The Business System Analyst (BSA) will be accountable for the following working under BRM Business System Consultant and Project Manager direction:
• Understand the functional User Stories in detail and update the User Requirements Specification/ Functional Requirements Specification (URS/FRS) Document at each Sprint Level.
• Work closely with Business Systems Owner to define requirement criticality (Critical/Non Critical/Other) and update the URS/FRS accordingly.
• Work very closely with the Validation Team during the validation testing phase of the project and involve other project resources as needed.
• Participate in the requirements sessions scheduled with the vendor to understand business requirements in detail.
• Update Configuration Document as needed based on the requirements.
• Analyze opened issues by Project team QA resource, Validation team and end users and identify if the issue is a defect or a new requirement.
• Update the Change record to populate the required content, identify the required deliverables by discussing with team, get the change record peer reviewed and approved.

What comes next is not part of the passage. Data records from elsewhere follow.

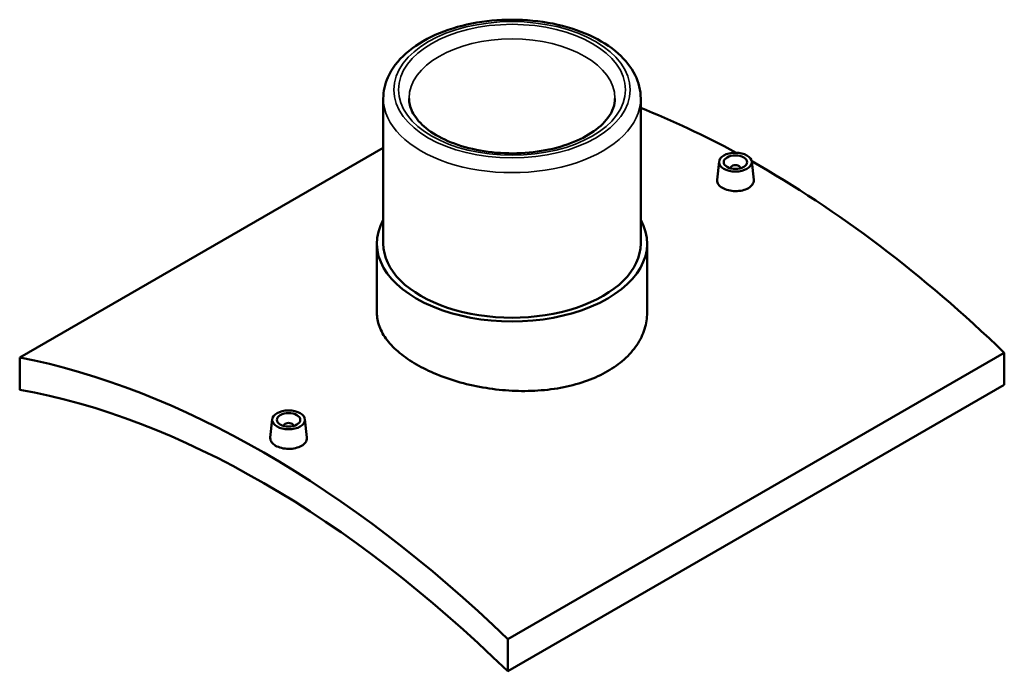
# Model space of a CAD drawing. Header units: millimetres. Extents: x -224 to 1403, y -612 to 987.
# Tile 5 of 5: x 982 to 1403, y 708 to 987. Entities that reach past the tile are written whole.
import ezdxf

# ---------------------------------------------------------------- set-up
doc = ezdxf.new("R2010")
doc.units = ezdxf.units.MM
doc.layers.add('Visible (ANSI)', color=7, linetype='Continuous', lineweight=50)
doc.layers.add('Visible Narrow (ANSI)', color=7, linetype='Continuous', lineweight=35)

msp = doc.modelspace()

# ---------------------------------------------------------------- linework, layer by layer
at = {"layer": 'Visible (ANSI)'}
for p, q in [((1137.75, 953.09), (1137.75, 891.04)), ((1247.75, 953.09), (1247.75, 891.04)), ((982.38, 842.28), (1137.75, 931.98)), ((1281.22, 926.07), (1280.38, 918.23)), ((1295.2, 926.07), (1296.04, 918.24)), ((1286.21, 923.17), (1286.21, 923.37)), ((1290.21, 923.17), (1290.21, 923.37)), ((1135, 891.04), (1135, 861.4)), ((1250.5, 891.04), (1250.5, 861.4)), ((982.38, 842.28), (982.38, 828.48)), ((1403.11, 844.32), (1190.98, 721.85)), ((1403.11, 844.32), (1403.11, 830.53)), ((1190.98, 708.05), (1403.11, 830.53)), ((1090.3, 815.84), (1089.46, 808)), ((1095.29, 813.14), (1095.29, 812.95)), ((1099.29, 813.14), (1099.29, 812.95)), ((1104.28, 815.84), (1105.12, 808.01)), ((1190.98, 708.05), (1190.98, 721.85))]:
    msp.add_line(p, q, dxfattribs=at)
for centre, major_axis, start_param, end_param in [((1298.82, 543.62), (233, -403.57), 2.387407, 2.511796), ((1298.82, 543.62), (233, -403.57), 2.034132, 2.367225), ((1288.21, 923.37), (-2, 0), 2.963882, 6.460896), ((1192.75, 891.04), (57.75, 0), 2.831748, 6.59303), ((1192.75, 891.04), (-55, 0), 0, 3.141593), ((1086.68, 421.14), (-233, 403.57), 5.175725, 5.81985), ((1086.68, 421.14), (225, -389.71), 2.022244, 2.690145), ((1097.29, 813.14), (-2, 0), 2.963882, 6.460896)]:
    msp.add_ellipse(centre, major_axis=major_axis, ratio=0.57735, start_param=start_param, end_param=end_param, dxfattribs=at)
for centre, major_axis in [((1288.21, 925.82), (7, 0)), ((1288.21, 925.82), (5, 0)), ((1097.29, 815.59), (-7, 0)), ((1097.29, 815.59), (5, 0))]:
    msp.add_ellipse(centre, major_axis=major_axis, ratio=0.57735, dxfattribs=at)
for points, knots in [([(1247.75, 953.09), (1247.75, 956.5), (1246.91, 959.9), (1243.69, 966.44), (1241.21, 969.56), (1234.71, 975.34), (1230.56, 977.95), (1221.11, 982.25), (1215.79, 983.93), (1204.59, 986.17), (1198.72, 986.74), (1186.99, 986.75), (1181.14, 986.2), (1169.98, 984), (1164.68, 982.35), (1155.13, 978.07), (1150.89, 975.42), (1144.01, 969.31), (1141.34, 965.85), (1138.42, 959.2), (1137.75, 956.15), (1137.75, 953.09)], [0.785398, 0.785398, 0.785398, 0.785398, 1.062233, 1.062233, 1.360686, 1.360686, 1.688644, 1.688644, 2.022575, 2.022575, 2.354364, 2.354364, 2.685061, 2.685061, 3.016821, 3.016821, 3.35073, 3.35073, 3.678741, 3.678741, 3.926991, 3.926991, 3.926991, 3.926991]), ([(1236.75, 953.09), (1236.75, 950.35), (1235.81, 947.55), (1232.03, 942.48), (1229.64, 940.28), (1223.7, 936.4), (1220.22, 934.72), (1212.41, 932), (1208.08, 930.97), (1199, 929.7), (1194.26, 929.46), (1184.86, 929.84), (1180.21, 930.45), (1171.55, 932.44), (1167.52, 933.81), (1160.53, 937.1), (1157.56, 939.02), (1152.88, 943.11), (1151.19, 945.28), (1149.19, 949.33), (1148.75, 951.22), (1148.75, 953.09)], [5.497787, 5.497787, 5.497787, 5.497787, 5.904259, 5.904259, 6.22283, 6.22283, 6.525597, 6.525597, 6.830494, 6.830494, 7.138067, 7.138067, 7.446271, 7.446271, 7.752825, 7.752825, 8.056255, 8.056255, 8.361459, 8.361459, 8.63938, 8.63938, 8.63938, 8.63938]), ([(1293.76, 914.72), (1293.06, 914.32), (1292.18, 913.98), (1290.24, 913.52), (1289.19, 913.42), (1287.22, 913.43), (1286.17, 913.55), (1284.24, 914.03), (1283.36, 914.38), (1281.97, 915.18), (1281.36, 915.69), (1280.56, 916.79), (1280.37, 917.39), (1280.37, 918.05), (1280.37, 918.14), (1280.38, 918.23)], [2.363465, 2.363465, 2.363465, 2.363465, 2.658923, 2.658923, 2.954381, 2.954381, 3.249789, 3.249789, 3.545197, 3.545197, 3.840606, 3.840606, 4.136014, 4.136014, 4.183963, 4.183963, 4.183963, 4.183963]), ([(1296.04, 918.24), (1296.05, 918.14), (1296.05, 918.05), (1296.05, 917.38), (1295.86, 916.76), (1295.06, 915.64), (1294.45, 915.13), (1293.76, 914.72)], [6.4513091, 6.4513091, 6.4513091, 6.4513091, 6.4994786, 6.4994786, 6.7949365, 6.7949365, 7.0903944, 7.0903944, 7.0903944, 7.0903944]), ([(1233.58, 836.36), (1231.02, 834.88), (1228.12, 833.52), (1221.81, 831.22), (1218.4, 830.27), (1211.28, 828.85), (1207.57, 828.37), (1200.12, 827.89), (1196.37, 827.88), (1189.13, 828.25), (1185.38, 828.64), (1177.92, 829.84), (1174.22, 830.64), (1167.1, 832.62), (1163.69, 833.79), (1157.38, 836.38), (1154.48, 837.81), (1149.35, 840.77), (1146.94, 842.41), (1142.7, 845.91), (1140.86, 847.77), (1137.92, 851.6), (1136.81, 853.58), (1135.35, 857.52), (1135, 859.5), (1135, 861.4)], [0, 0, 0, 0, 1.08889, 1.08889, 2.17778, 2.17778, 3.26667, 3.26667, 4.355559, 4.355559, 5.44444, 5.44444, 6.533321, 6.533321, 7.622203, 7.622203, 8.711084, 8.711084, 9.799965, 9.799965, 10.888846, 10.888846, 11.977727, 11.977727, 13.066608, 13.066608, 13.066608, 13.066608]), ([(1250.5, 861.4), (1250.5, 859.13), (1250.15, 856.77), (1248.69, 852.11), (1247.58, 849.8), (1244.63, 845.42), (1242.8, 843.34), (1238.56, 839.55), (1236.15, 837.84), (1233.58, 836.36)], [30.488775, 30.488775, 30.488775, 30.488775, 31.577665, 31.577665, 32.666555, 32.666555, 33.755444, 33.755444, 34.844334, 34.844334, 34.844334, 34.844334]), ([(1102.84, 804.5), (1102.14, 804.09), (1101.26, 803.75), (1099.33, 803.3), (1098.28, 803.19), (1096.31, 803.21), (1095.26, 803.33), (1093.32, 803.8), (1092.44, 804.15), (1091.05, 804.96), (1090.45, 805.46), (1089.64, 806.57), (1089.45, 807.17), (1089.45, 807.82), (1089.45, 807.91), (1089.46, 808)], [0, 0, 0, 0, 0.295458, 0.295458, 0.590916, 0.590916, 0.886324, 0.886324, 1.181732, 1.181732, 1.477141, 1.477141, 1.772549, 1.772549, 1.820498, 1.820498, 1.820498, 1.820498]), ([(1105.12, 808.01), (1105.13, 807.91), (1105.13, 807.82), (1105.13, 807.15), (1104.94, 806.54), (1104.14, 805.41), (1103.53, 804.9), (1102.84, 804.5)], [4.0878443, 4.0878443, 4.0878443, 4.0878443, 4.1360138, 4.1360138, 4.4314717, 4.4314717, 4.7269296, 4.7269296, 4.7269296, 4.7269296])]:
    msp.add_open_spline(points, degree=3, knots=knots, dxfattribs=at)
at = {"layer": 'Visible Narrow (ANSI)'}
for major_axis in [(50.5, 0), (48.5, 0)]:
    msp.add_ellipse((1192.75, 956.76), major_axis=major_axis, ratio=0.57735, dxfattribs=at)
for major_axis, start_param, end_param in [((-44, 0), 3.141593, 6.283185), ((-55, 0), 0, 3.141593)]:
    msp.add_ellipse((1192.75, 953.09), major_axis=major_axis, ratio=0.57735, start_param=start_param, end_param=end_param, dxfattribs=at)

doc.saveas('drawing.dxf')

• Document User Acceptance Letter, Identification of Supporting System Document and Risk Assessment Document.
• Perform system testing as needed
• Participate in and sometimes lead Agile Ceremonies such as daily stand up meetings, Sprint Planning sessions and Sprint Demonstrations to understand the implementation of the functionality.

Key Skills – Required:
• Minimum 5 to 7 years BSA experience required.
• BS degree Computer Sciences or related field
• Experienced in writing requirements for projects in pharmaceutical company is a MUST.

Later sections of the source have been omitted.